> [MATERIAL SHOWN]:
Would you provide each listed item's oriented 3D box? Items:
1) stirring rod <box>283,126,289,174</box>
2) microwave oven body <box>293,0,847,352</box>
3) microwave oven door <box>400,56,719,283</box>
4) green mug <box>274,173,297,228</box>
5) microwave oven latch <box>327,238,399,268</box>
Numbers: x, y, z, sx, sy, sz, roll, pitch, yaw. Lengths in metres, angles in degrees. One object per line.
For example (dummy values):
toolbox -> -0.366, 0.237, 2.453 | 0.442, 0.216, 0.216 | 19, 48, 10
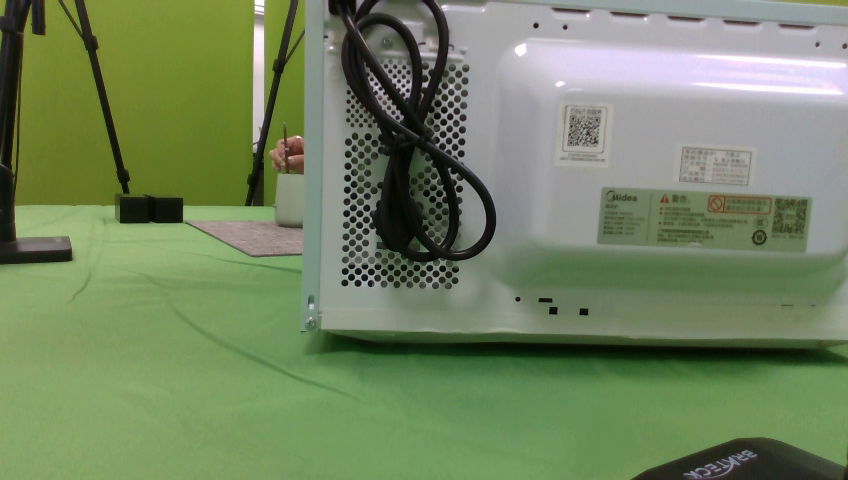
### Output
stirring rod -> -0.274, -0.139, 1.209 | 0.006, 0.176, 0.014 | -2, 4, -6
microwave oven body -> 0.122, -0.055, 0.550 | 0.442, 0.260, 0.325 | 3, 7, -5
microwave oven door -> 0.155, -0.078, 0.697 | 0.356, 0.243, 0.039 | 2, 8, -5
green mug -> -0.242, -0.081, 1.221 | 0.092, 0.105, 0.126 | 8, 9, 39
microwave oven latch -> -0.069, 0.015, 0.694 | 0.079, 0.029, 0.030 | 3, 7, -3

> [THE TASK]:
Copy the entries above exactly from the line with "5) microwave oven" down to their last line, both ends included. Do not copy any pictures.

> [EXERCISE RESULT]:
5) microwave oven latch <box>327,238,399,268</box>
Numbers: x, y, z, sx, sy, sz, roll, pitch, yaw. Lengths in metres, angles in degrees. One object per line.
For example (dummy values):
toolbox -> -0.366, 0.237, 2.453 | 0.442, 0.216, 0.216 | 19, 48, 10
### Output
stirring rod -> -0.274, -0.139, 1.209 | 0.006, 0.176, 0.014 | -2, 4, -6
microwave oven body -> 0.122, -0.055, 0.550 | 0.442, 0.260, 0.325 | 3, 7, -5
microwave oven door -> 0.155, -0.078, 0.697 | 0.356, 0.243, 0.039 | 2, 8, -5
green mug -> -0.242, -0.081, 1.221 | 0.092, 0.105, 0.126 | 8, 9, 39
microwave oven latch -> -0.069, 0.015, 0.694 | 0.079, 0.029, 0.030 | 3, 7, -3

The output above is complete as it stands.